Душа человека в нашей общественной сумятице оказывалась без присмотра, да и не интересна. Интереснее сатирически изобразить политбюро или кошмары быта – отсюда чернушная литература, где внешняя обстановка не просто фон нашей жизни, а смысл произведения, хорошая пожива для литературно-общественной публицистики. Поэтому «Два дома» не знали, куда отнести, по какой рубрике. А это был вполне реалистический текст о душе и ее мытарствах. Ведь, несмотря ни на что, жизнь продолжалась, люди любили друг друга, рождались дети, росли и, слава Богу, читали книги, которые строили их душу. Ведь подлинный реализм рожден интуицией христианства, которое говорит нам, что рая на Земле не бывает, что «сей мир» подвластен злу, но человек все равно должен учиться сохранять спокойное достоинство, ибо награда человеку (и художнику в том числе) будет дана в мире ином.
Главное, что я вынес из своей семьи, кредо, которое там сформировалось, что стремиться к успеху и славе неприлично, что главное – это быть верным себе, пытаться точно передать, что ты чувствуешь и думаешь. Это главное, а не признание современников. Повторю, я никогда не писал с ориентацией на какой-либо слой, на некоего читателя. Я писал только для себя, понимая, что если я точен в своих словах, дошел до некоего дна, то там, как говорил Лев Толстой, находится нечто, что присуще всем думающим людям. И они рады это общее найти. А такие люди были всегда. Да и постмодернизм, ломавший эстетические и духовные ценности, пытавшийся обратить их в ничто, кажется, начинает публике надоедать. Более того, последние годы я все чаще слышу о людях, которым интересна моя проза.
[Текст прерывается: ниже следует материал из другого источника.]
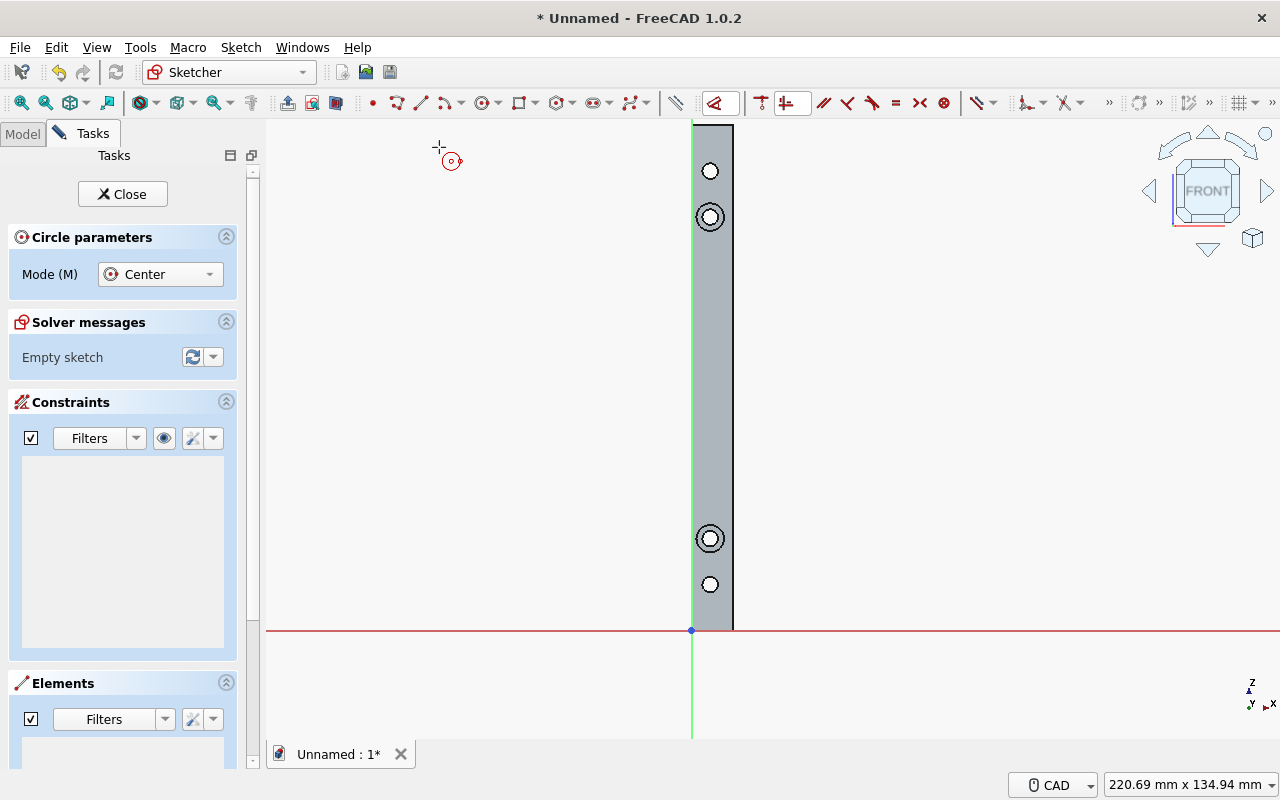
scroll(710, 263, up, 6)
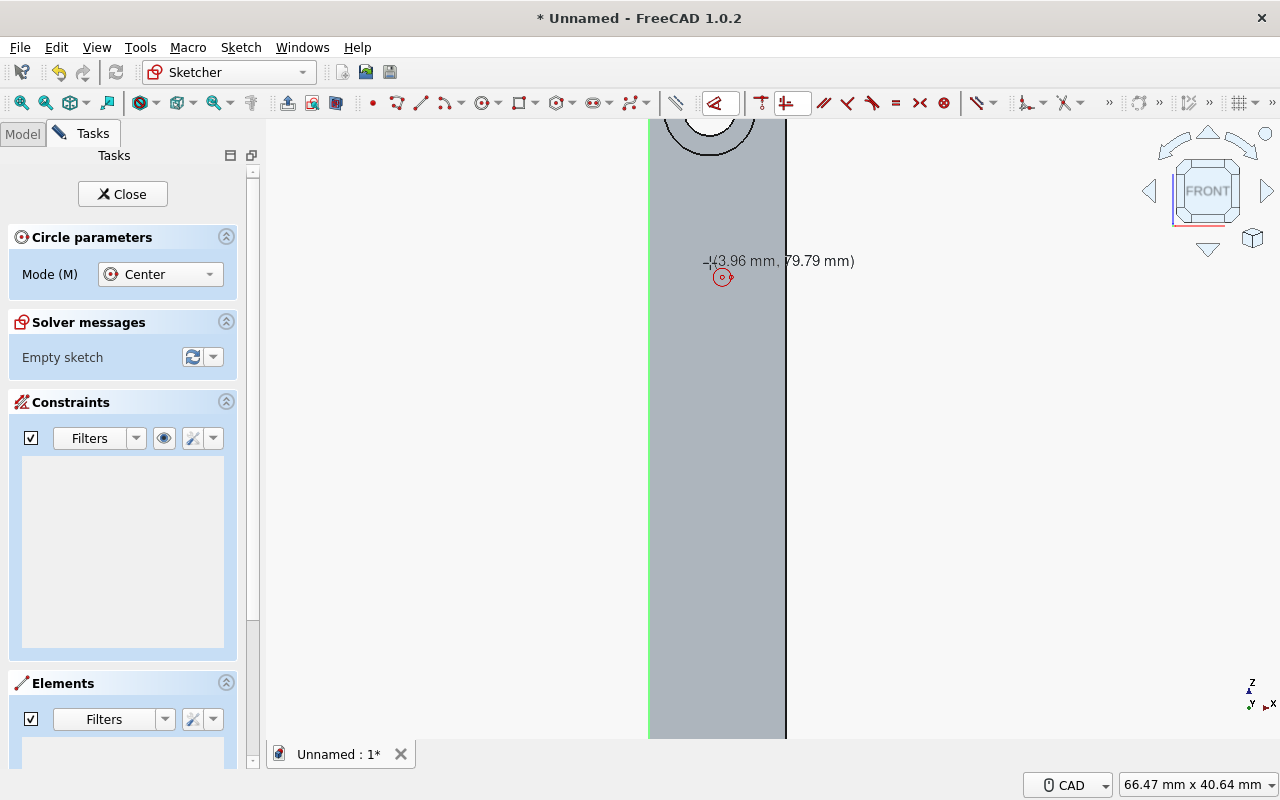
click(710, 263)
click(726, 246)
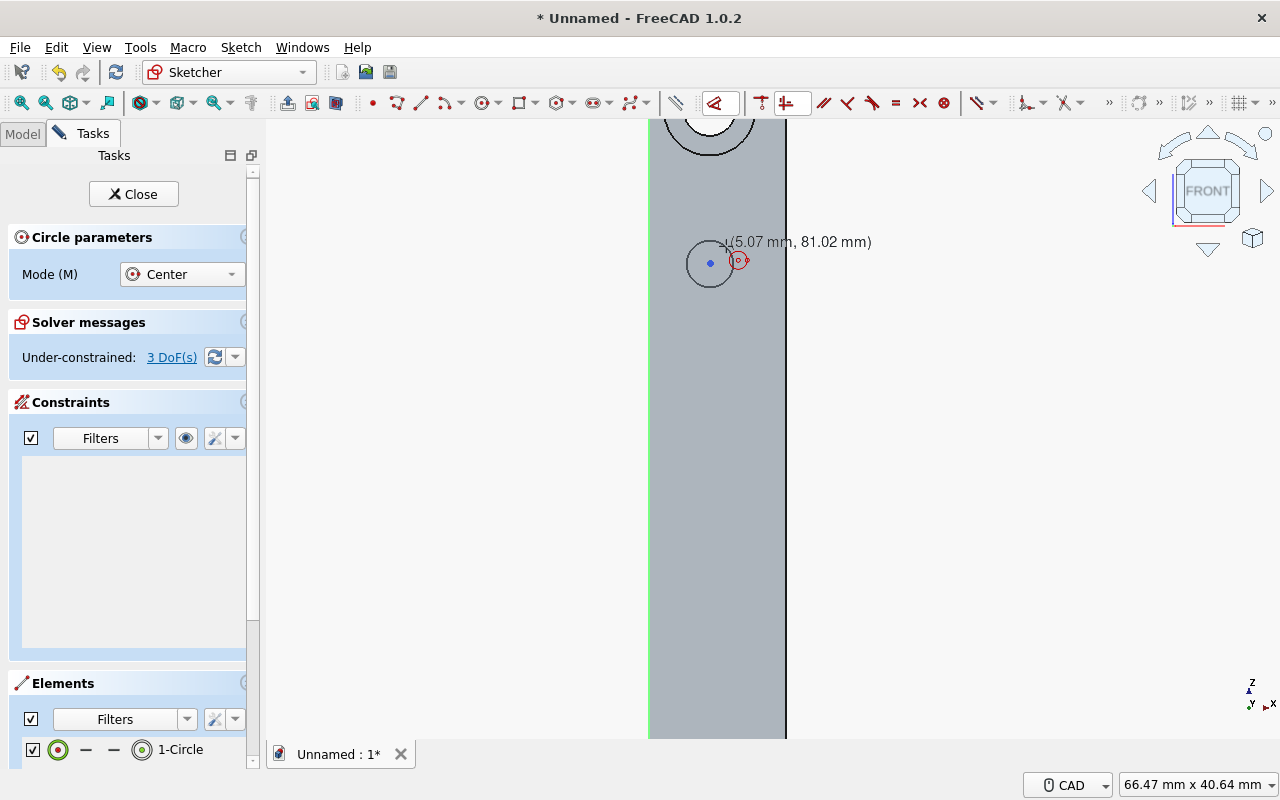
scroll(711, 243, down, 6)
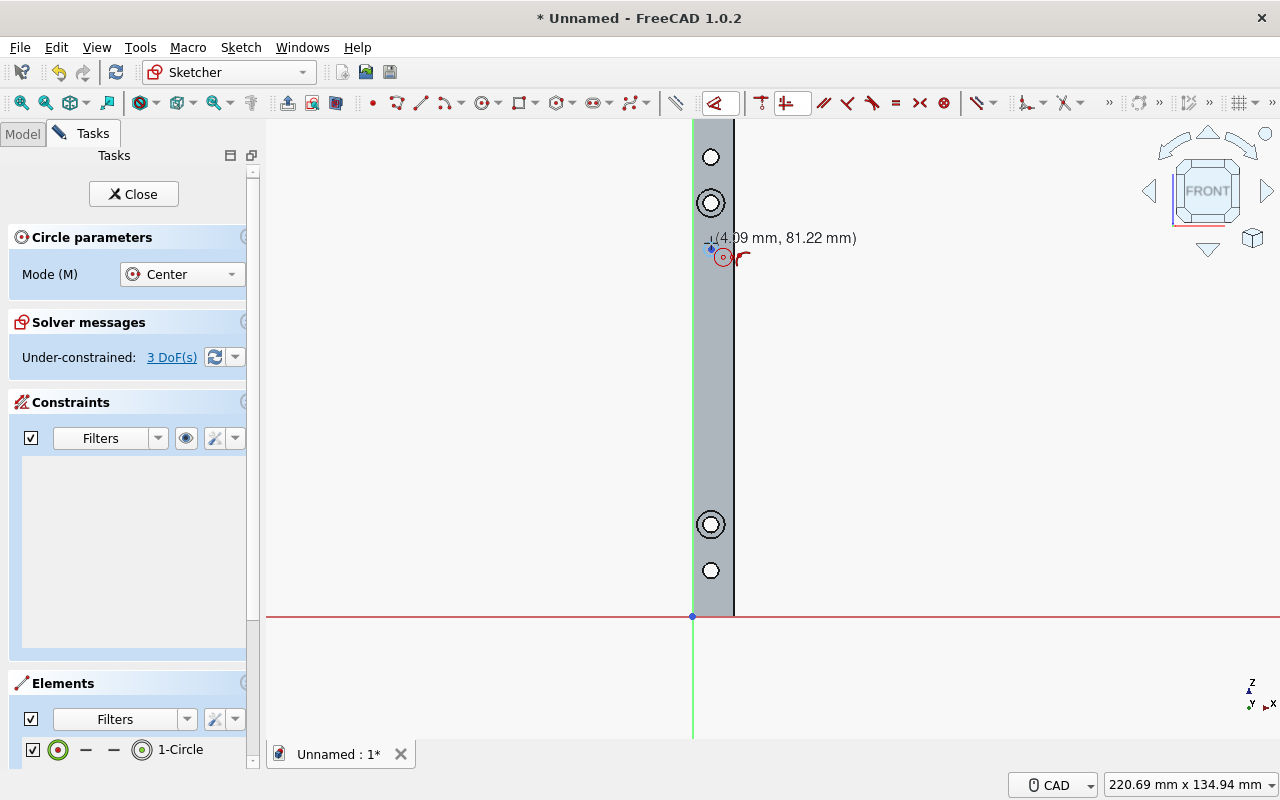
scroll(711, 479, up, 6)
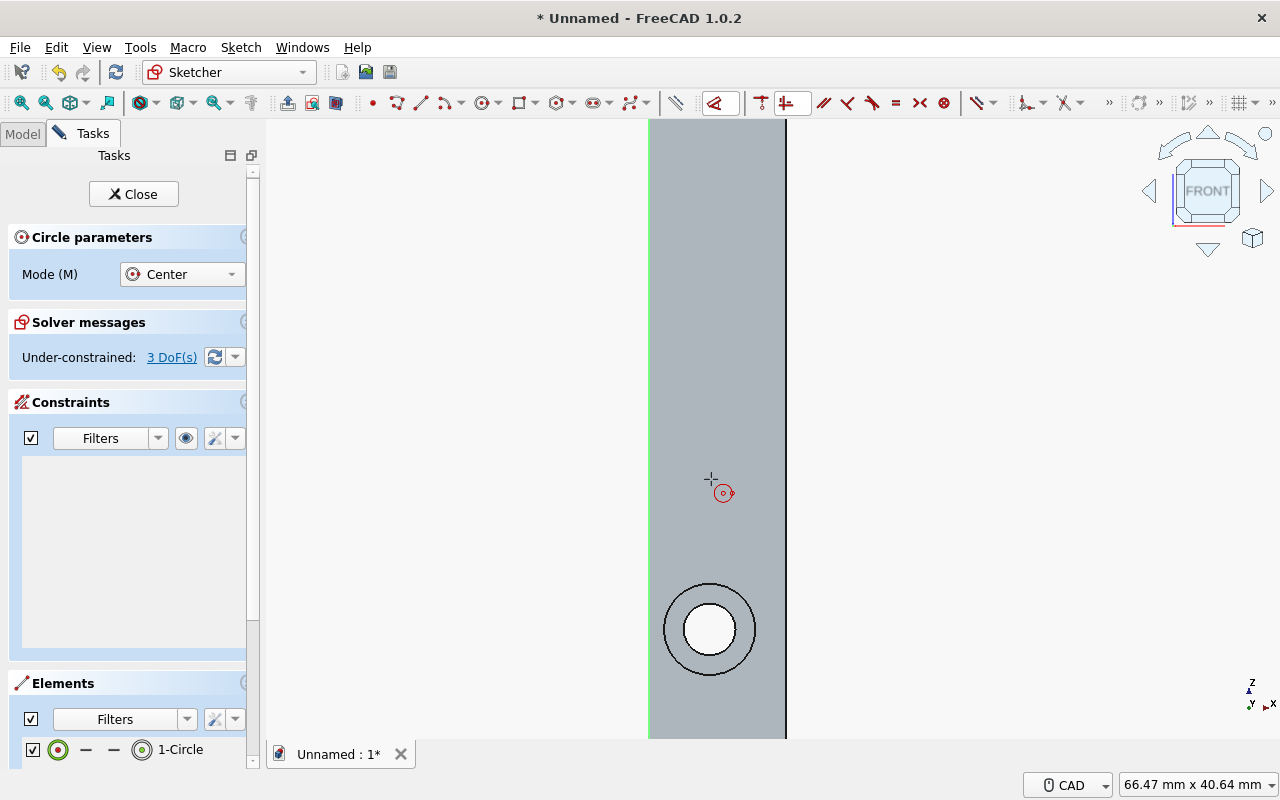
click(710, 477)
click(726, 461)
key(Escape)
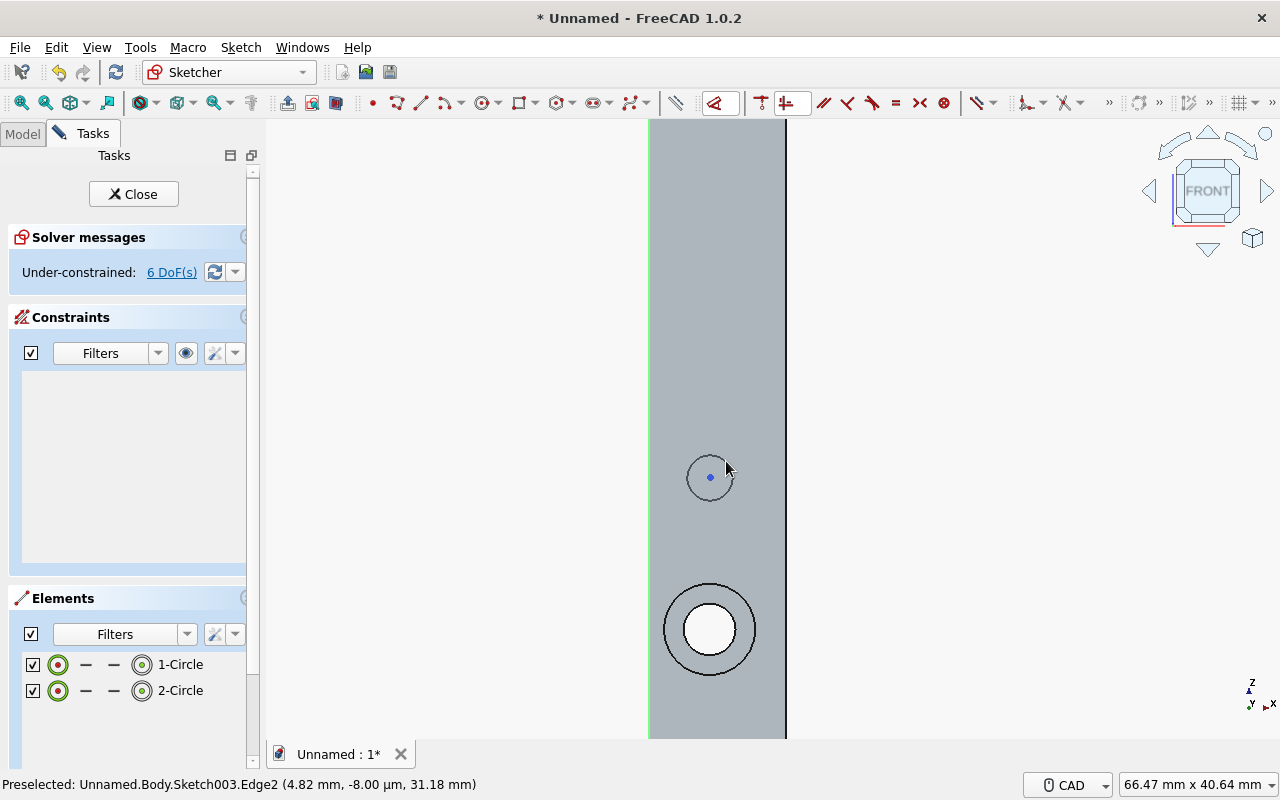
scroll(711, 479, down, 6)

Не говоря уж о студентах, которые любят своего профессора (как мне кажется) и его писания, могу процитировать письмо, которое недавно получил от одной современной писательницы по поводу своей последней книги «Наливное яблоко», где важнейшее место занимали «100 долларов» и «Смерть пенсионера». Имени называть не имею права, но за подлинность текста ручаюсь: «Я читаю, оторваться не могу, хотя поначалу раскачивалась и даже фыркала, привыкая к Вашему особенному, неторопливому ходу, к ровному голосу, но сейчас вдруг поняла, что мастерство такого уровня имеет право на неспешность, на скрытые токи и как бы упрятанный в глубину темперамент. Спасибо».
Писатель – должность независимая. Никто не назначит, никто не уволит.
Европейцы и американцы пишут, чтоб прославиться, а в результате заработать денег. Пафос Мартина Идена и, наверно, самого Джека Лондона. Мечтал ли я о славе? Честно говоря, не очень. Может, к старости заметят, определят твой масштаб. Но хотелось так, чтоб миновать всяческие литературные кухни. Думал ли о деньгах? Тоже нет. Может, поэтому никогда мое писательство не принесло ни разу ощутимого заработка. На литературные доходы жить не пришлось ни разу.
Уважая оппонентов режима, относиться к нему всерьез я уже не мог. Более того, нормальная (то есть трудная, тяжелая, всякая) человеческая жизнь казалась более важным предметом для размышления и изображения, нежели власть имущие и их приспешники (разве что на факультативных правах). Я режима побаивался, но сущностного смысла в нем не находил. Выдохся за годы этот смысл, ничего не осталось. Гораздо важнее, мне думалось, понять сущность той нашей жизни, в которой мы жили, расплачиваясь душами за свое время. И я писал о том, что видел и чувствовал. Ведь жизнь пробивалась сквозь прогнившие прутья советской клетки. Но существовала, конечно, в ее терминах и стилистике. Эту метафизическую стилистику тех лет, вырастающую из быта, я и хотел уловить.